Wild Things…
Spring Bird Migration
By Karen Vizzi
    The peak of spring bird migration is almost upon us! It’s a very exciting time for us bird lovers because it’s a chance to see different species pass through our gardens on their way to summer nesting grounds…species we would not normally see there at any other time of year. I find I have my very best sightings during the first and second weeks in May. Last May 6th I had visits from 3 different warbler species - a yellow, a yellow-rumped and a magnolia - all within the time span of one hour.
     What makes the spring migration so special is that many songbirds have already molted to colorful breeding plumage and are easier to identify. In fall when they make their way south, songbirds have usually molted to drabber winter plumage and are not as easy to spot. I like to make my wild garden as bird-friendly as possible all year round but especially during migration periods. 
     This is the time when you want to be sure all your birdbaths and feeders are kept clean and filled. Keep a careful eye on hummingbird feeders, which can develop bacteria quickly. To feed hummingbirds, I use a standard formula of 1 cup white sugar to 4 cups water, which I boil and allow to cool before filling. Adding red dye or food color to this mixture is not a good idea! Instead, select feeders that have red parts (like fake flowers) as your attractant. If the hummers don’t drink it all, this mixture should be changed every few days to keep it from spoiling. As the days grow hotter, check it daily. I wash hummingbird feeders out with a solution of vinegar and water, never soap.
     In addition to seed, other treats to offer at this time of year can include orange halves and a few dollops of grape jelly. Orioles will be especially grateful. If you are not squeamish, try putting out some mealworms or dehydrated grubs (available at specialty bird shops). As birds begin the breeding process, they will be looking for the extra protein they find in insects. I also mix eggshells that have been baked and crushed into my feeder seed. Breeding females need the extra calcium.

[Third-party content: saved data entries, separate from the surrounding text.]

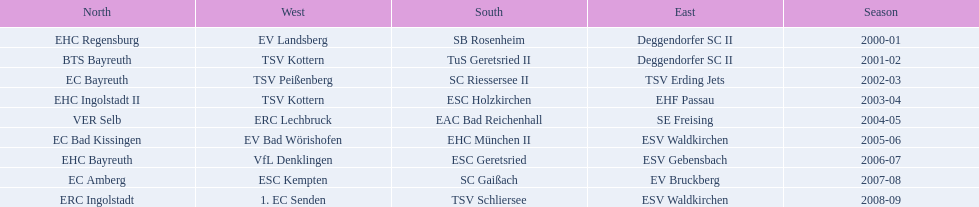Which teams played in the north? EHC Regensburg, BTS Bayreuth, EC Bayreuth, EHC Ingolstadt II, VER Selb, EC Bad Kissingen, EHC Bayreuth, EC Amberg, ERC Ingolstadt. Of these teams, which played during 2000-2001? EHC Regensburg. 
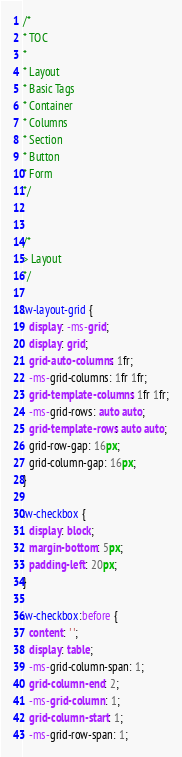Convert code to text. <code><loc_0><loc_0><loc_500><loc_500><_CSS_>/*
* TOC
*
* Layout
* Basic Tags
* Container
* Columns
* Section
* Button
* Form
*/


/*
> Layout
*/

.w-layout-grid {
  display: -ms-grid;
  display: grid;
  grid-auto-columns: 1fr;
  -ms-grid-columns: 1fr 1fr;
  grid-template-columns: 1fr 1fr;
  -ms-grid-rows: auto auto;
  grid-template-rows: auto auto;
  grid-row-gap: 16px;
  grid-column-gap: 16px;
}

.w-checkbox {
  display: block;
  margin-bottom: 5px;
  padding-left: 20px;
}

.w-checkbox:before {
  content: ' ';
  display: table;
  -ms-grid-column-span: 1;
  grid-column-end: 2;
  -ms-grid-column: 1;
  grid-column-start: 1;
  -ms-grid-row-span: 1;</code> 
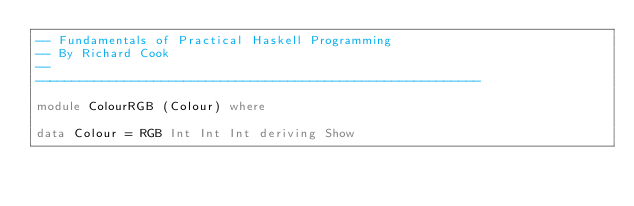Convert code to text. <code><loc_0><loc_0><loc_500><loc_500><_Haskell_>-- Fundamentals of Practical Haskell Programming
-- By Richard Cook
--
------------------------------------------------------------

module ColourRGB (Colour) where

data Colour = RGB Int Int Int deriving Show
</code> 
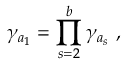Convert formula to latex. <formula><loc_0><loc_0><loc_500><loc_500>\gamma _ { a _ { 1 } } = \prod _ { s = 2 } ^ { b } \gamma _ { a _ { s } } ,</formula>

     Another way to help your feathered friends during this important time is to offer nesting materials. I take an old mesh onion bag and fill it with dryer lint, dog hair (which is never in short supply at my house) and small pieces of raffia and straw. Never include long strands of anything, as this may be harmful to hatchlings. Then I hang the bag where I can see which birds might use my junk to build their nest.
     Although no one wants to think about fall right now, keep in mind that the same birds we now see heading north will eventually head south. So when you are selecting shrubs and plants this spring, choose those that will have some kind of value in the wild garden. Shrubs and plants that bear fruit, seeds and berries will be the most likely to attract attention during the journey south.
     The funny truth is that I know that my avian visitors will most certainly go about the cycles of their life without any help from me.  But participating even just a little bit brings it closer to my eyes and closer to my heart.
    Bird Brainers: Watch carefully now and you will see many birds selecting materials for their nests.
    Butterfly Bullets: This week’s predicted warm temperatures may bring a lot of butters out of hiding early. I spotted quite a few red admirals this past week.
     Plant Pointers: It’s a good time to plant the seeds of lettuces. Be sure to do successive sowings every two weeks to keep fresh salad on the table all summer.